— What is needed —
The response must consist of the lines below from the one with "How many different coloured lines are there?" through the one with "Your answer should be compact. 0. Across", exactly as they appear and with both ends kept.

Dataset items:

▼

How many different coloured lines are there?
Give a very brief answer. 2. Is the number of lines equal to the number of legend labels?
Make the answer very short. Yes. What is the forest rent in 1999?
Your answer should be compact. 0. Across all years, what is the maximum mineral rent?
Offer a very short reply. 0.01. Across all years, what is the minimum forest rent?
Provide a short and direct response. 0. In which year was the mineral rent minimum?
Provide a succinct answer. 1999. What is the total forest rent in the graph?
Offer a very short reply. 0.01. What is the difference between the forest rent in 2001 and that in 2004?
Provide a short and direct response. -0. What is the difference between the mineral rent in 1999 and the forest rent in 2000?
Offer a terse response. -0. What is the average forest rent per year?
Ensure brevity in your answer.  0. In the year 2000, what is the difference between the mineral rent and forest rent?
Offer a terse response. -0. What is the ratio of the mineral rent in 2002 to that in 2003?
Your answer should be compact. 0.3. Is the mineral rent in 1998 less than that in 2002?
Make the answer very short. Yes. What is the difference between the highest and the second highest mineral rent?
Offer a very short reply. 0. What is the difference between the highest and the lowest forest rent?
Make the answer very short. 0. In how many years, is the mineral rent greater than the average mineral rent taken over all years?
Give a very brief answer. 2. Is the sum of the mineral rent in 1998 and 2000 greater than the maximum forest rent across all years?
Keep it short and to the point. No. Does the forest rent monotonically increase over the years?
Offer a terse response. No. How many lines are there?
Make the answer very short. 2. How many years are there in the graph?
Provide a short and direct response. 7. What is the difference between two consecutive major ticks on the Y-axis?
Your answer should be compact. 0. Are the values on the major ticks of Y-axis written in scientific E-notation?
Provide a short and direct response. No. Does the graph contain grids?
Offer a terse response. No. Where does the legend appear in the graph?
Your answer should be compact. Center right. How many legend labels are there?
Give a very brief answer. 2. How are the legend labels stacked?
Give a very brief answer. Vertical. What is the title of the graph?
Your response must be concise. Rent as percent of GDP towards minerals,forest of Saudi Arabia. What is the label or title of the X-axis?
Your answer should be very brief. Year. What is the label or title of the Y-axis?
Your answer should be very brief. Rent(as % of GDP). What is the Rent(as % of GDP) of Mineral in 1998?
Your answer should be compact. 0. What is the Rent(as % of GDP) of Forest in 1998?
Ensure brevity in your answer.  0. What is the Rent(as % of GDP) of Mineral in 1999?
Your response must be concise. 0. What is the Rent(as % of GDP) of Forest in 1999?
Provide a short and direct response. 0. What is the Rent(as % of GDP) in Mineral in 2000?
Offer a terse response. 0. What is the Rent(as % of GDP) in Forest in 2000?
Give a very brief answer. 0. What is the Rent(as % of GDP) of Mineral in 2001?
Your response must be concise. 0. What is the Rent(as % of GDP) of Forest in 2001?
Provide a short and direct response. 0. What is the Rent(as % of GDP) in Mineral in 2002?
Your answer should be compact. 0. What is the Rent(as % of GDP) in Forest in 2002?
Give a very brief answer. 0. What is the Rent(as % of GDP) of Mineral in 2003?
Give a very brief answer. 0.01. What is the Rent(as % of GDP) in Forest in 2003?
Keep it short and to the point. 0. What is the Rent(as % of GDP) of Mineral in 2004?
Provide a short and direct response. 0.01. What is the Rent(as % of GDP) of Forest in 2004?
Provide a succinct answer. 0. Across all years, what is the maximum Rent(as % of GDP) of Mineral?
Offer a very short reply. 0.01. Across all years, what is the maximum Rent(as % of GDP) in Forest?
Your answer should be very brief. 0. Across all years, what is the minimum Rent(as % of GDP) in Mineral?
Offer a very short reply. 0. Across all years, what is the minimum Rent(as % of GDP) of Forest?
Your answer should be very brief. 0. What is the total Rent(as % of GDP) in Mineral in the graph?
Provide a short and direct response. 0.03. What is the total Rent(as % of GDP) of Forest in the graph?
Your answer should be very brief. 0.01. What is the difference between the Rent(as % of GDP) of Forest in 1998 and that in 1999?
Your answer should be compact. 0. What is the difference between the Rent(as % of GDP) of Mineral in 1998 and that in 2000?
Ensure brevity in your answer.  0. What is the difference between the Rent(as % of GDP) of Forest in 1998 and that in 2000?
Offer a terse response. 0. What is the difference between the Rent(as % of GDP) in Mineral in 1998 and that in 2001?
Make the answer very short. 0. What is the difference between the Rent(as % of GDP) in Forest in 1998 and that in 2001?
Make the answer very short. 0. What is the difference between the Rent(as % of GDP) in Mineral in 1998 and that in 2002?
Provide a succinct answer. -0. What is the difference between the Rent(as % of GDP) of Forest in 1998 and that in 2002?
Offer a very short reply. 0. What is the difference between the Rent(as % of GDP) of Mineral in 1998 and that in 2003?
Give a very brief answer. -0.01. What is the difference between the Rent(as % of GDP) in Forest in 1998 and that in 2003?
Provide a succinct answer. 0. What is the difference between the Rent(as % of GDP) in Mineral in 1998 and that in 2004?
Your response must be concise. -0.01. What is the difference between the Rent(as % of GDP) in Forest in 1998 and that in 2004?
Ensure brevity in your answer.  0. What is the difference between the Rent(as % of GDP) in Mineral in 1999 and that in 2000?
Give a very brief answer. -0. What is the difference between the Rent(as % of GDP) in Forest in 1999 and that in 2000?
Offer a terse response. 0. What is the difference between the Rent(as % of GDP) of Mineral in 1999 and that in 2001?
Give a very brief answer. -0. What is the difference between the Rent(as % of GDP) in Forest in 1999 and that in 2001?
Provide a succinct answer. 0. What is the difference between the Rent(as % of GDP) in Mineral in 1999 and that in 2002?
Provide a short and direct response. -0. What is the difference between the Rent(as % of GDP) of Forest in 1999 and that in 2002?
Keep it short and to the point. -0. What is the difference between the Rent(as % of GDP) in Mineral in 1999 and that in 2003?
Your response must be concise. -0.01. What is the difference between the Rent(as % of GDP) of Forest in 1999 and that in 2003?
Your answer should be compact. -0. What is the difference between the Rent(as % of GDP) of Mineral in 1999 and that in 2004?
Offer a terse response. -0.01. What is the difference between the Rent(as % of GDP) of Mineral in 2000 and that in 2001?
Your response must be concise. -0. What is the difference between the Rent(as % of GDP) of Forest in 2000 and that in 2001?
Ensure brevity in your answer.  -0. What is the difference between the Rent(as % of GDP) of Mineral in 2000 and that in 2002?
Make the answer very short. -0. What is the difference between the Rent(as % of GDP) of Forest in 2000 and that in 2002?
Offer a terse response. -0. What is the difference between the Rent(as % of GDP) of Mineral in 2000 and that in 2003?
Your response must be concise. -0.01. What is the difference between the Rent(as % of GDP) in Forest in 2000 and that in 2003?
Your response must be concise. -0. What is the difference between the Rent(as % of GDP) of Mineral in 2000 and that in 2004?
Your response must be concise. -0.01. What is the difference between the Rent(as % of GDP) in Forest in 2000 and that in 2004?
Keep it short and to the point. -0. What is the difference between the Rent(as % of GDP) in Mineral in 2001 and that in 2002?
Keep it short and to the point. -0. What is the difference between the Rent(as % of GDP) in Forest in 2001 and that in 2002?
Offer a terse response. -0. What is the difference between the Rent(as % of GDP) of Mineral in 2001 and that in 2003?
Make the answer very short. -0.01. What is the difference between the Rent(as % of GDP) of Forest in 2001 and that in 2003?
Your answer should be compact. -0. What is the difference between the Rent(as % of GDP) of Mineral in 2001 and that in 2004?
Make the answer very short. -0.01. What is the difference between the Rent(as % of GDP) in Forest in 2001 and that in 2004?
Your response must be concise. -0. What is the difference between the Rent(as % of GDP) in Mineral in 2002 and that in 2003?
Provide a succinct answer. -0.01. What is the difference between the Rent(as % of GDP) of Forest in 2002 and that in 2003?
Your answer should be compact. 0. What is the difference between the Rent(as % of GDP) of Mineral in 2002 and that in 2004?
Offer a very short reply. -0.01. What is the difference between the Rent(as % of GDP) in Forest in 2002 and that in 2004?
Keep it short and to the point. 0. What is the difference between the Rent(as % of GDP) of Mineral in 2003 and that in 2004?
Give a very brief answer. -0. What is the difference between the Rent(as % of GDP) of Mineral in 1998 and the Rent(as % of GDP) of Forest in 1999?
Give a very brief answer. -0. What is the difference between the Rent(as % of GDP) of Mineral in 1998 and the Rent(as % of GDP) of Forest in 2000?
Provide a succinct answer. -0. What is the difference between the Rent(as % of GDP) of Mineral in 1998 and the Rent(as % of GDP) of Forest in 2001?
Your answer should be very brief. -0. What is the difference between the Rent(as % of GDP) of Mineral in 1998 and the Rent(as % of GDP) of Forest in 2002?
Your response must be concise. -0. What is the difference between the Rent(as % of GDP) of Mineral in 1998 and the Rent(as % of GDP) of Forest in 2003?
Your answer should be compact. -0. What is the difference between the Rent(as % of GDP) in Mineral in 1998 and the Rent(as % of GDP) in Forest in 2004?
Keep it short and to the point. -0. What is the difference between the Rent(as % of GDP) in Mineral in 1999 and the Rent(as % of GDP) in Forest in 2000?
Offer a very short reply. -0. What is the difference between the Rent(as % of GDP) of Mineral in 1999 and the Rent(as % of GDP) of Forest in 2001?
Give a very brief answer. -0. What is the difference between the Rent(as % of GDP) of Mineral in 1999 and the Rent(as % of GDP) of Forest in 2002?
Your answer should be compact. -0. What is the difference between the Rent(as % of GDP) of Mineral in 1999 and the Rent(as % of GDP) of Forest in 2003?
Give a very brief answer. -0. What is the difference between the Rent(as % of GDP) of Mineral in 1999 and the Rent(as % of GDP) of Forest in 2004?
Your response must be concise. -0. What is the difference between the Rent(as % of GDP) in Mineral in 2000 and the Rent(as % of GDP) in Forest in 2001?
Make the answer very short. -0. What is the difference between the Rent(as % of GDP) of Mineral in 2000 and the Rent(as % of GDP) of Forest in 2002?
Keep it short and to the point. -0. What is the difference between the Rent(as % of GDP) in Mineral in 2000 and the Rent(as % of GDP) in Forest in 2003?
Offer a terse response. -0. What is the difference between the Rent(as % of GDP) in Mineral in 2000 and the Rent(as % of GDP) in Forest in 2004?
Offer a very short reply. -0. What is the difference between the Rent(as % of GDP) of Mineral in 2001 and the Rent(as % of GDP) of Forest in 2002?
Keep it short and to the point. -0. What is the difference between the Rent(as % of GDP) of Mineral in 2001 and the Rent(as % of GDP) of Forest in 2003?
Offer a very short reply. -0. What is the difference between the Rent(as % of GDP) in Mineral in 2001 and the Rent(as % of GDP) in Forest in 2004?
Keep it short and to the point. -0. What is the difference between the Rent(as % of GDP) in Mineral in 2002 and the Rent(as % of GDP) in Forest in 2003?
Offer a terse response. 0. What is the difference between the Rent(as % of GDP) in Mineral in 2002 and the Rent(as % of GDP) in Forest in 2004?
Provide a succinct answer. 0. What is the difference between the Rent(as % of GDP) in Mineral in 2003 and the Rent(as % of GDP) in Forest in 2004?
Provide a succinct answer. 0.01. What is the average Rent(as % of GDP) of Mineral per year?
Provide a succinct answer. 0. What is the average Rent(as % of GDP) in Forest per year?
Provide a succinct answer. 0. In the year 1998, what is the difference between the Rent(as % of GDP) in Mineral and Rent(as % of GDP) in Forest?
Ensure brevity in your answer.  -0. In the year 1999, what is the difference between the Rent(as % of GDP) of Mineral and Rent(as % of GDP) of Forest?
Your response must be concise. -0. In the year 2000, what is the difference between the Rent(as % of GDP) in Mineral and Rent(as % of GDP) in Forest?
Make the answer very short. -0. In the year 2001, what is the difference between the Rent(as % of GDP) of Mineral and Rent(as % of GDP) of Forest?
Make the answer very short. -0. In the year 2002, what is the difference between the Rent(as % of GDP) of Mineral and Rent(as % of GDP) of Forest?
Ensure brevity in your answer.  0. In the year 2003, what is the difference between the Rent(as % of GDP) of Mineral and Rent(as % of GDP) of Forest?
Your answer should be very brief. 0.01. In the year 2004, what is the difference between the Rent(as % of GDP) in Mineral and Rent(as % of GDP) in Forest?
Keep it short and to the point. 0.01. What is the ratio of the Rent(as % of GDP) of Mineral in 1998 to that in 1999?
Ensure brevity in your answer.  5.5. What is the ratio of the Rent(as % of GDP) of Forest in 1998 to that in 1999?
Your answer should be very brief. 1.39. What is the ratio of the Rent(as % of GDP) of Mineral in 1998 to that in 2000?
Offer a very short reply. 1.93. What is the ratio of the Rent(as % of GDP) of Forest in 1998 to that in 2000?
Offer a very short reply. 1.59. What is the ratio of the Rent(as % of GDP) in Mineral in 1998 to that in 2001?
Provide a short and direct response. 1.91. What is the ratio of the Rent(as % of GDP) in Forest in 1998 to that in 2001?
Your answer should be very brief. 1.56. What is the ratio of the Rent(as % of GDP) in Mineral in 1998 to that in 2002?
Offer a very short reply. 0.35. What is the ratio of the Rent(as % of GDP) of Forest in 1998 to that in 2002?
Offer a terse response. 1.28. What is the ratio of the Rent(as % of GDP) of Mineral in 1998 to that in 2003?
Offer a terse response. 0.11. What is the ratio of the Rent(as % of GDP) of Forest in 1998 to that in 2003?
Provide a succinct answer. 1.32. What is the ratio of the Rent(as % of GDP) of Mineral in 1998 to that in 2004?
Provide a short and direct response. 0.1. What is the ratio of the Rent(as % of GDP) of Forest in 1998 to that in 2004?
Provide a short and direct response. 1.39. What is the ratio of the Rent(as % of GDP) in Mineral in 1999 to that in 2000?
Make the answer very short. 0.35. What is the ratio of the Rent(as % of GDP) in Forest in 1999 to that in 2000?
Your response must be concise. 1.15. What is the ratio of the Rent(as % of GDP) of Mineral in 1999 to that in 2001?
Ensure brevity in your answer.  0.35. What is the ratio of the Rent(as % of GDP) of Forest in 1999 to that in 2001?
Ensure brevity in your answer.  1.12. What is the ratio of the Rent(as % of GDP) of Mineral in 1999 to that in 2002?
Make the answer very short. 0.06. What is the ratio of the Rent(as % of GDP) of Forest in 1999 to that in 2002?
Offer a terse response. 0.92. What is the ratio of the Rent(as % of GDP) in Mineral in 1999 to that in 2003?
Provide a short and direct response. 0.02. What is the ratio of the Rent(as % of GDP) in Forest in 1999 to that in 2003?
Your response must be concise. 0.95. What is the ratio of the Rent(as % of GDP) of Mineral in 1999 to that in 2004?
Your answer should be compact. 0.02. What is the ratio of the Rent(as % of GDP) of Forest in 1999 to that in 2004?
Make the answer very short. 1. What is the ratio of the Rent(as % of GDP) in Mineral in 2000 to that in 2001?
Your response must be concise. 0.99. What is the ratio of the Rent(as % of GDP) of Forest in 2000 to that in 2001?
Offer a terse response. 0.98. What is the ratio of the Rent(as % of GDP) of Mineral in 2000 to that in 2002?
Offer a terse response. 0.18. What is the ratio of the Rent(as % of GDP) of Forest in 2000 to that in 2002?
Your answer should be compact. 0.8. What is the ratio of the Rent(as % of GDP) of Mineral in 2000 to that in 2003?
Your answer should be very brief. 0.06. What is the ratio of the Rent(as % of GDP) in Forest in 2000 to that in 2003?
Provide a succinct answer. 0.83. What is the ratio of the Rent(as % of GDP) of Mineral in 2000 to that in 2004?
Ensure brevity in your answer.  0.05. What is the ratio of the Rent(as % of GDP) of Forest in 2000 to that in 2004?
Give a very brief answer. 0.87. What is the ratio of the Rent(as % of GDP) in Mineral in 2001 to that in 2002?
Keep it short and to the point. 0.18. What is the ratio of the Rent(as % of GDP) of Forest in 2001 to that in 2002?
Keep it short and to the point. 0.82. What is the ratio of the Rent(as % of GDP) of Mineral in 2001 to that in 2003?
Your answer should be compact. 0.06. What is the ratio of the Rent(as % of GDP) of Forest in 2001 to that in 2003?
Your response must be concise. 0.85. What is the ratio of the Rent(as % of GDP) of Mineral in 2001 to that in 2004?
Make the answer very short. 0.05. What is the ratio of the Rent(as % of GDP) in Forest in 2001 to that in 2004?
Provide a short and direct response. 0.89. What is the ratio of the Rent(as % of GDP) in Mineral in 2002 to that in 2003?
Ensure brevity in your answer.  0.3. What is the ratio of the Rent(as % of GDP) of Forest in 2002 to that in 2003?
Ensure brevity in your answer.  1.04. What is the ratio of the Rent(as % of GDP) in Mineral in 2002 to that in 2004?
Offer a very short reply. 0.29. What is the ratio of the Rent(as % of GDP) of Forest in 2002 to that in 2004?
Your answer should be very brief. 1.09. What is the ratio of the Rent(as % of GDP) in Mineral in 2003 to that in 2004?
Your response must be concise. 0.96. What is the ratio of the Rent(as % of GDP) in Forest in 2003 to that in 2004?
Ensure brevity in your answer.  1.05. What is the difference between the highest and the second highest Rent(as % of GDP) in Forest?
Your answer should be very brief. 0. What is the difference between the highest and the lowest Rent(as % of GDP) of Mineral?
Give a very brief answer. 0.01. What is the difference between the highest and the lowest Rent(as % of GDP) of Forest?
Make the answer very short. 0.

▲
▼

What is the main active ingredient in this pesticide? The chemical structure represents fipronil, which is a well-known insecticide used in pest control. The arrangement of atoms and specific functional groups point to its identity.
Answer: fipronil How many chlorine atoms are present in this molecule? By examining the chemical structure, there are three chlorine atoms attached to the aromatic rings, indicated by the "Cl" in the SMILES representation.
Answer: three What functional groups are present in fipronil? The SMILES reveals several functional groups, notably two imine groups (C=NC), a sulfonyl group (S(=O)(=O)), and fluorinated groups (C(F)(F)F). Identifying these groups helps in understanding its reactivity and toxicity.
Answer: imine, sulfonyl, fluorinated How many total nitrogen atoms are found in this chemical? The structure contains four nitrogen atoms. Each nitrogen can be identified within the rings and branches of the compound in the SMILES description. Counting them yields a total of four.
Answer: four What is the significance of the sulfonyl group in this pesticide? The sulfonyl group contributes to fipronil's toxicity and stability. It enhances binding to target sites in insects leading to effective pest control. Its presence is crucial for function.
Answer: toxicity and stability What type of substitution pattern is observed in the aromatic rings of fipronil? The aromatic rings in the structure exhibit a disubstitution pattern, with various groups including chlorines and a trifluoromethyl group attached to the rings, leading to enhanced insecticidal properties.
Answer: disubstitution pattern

▲

— Your solution —
How many different coloured lines are there?
Give a very brief answer. 2. Is the number of lines equal to the number of legend labels?
Make the answer very short. Yes. What is the forest rent in 1999?
Your answer should be compact. 0. Across all years, what is the maximum mineral rent?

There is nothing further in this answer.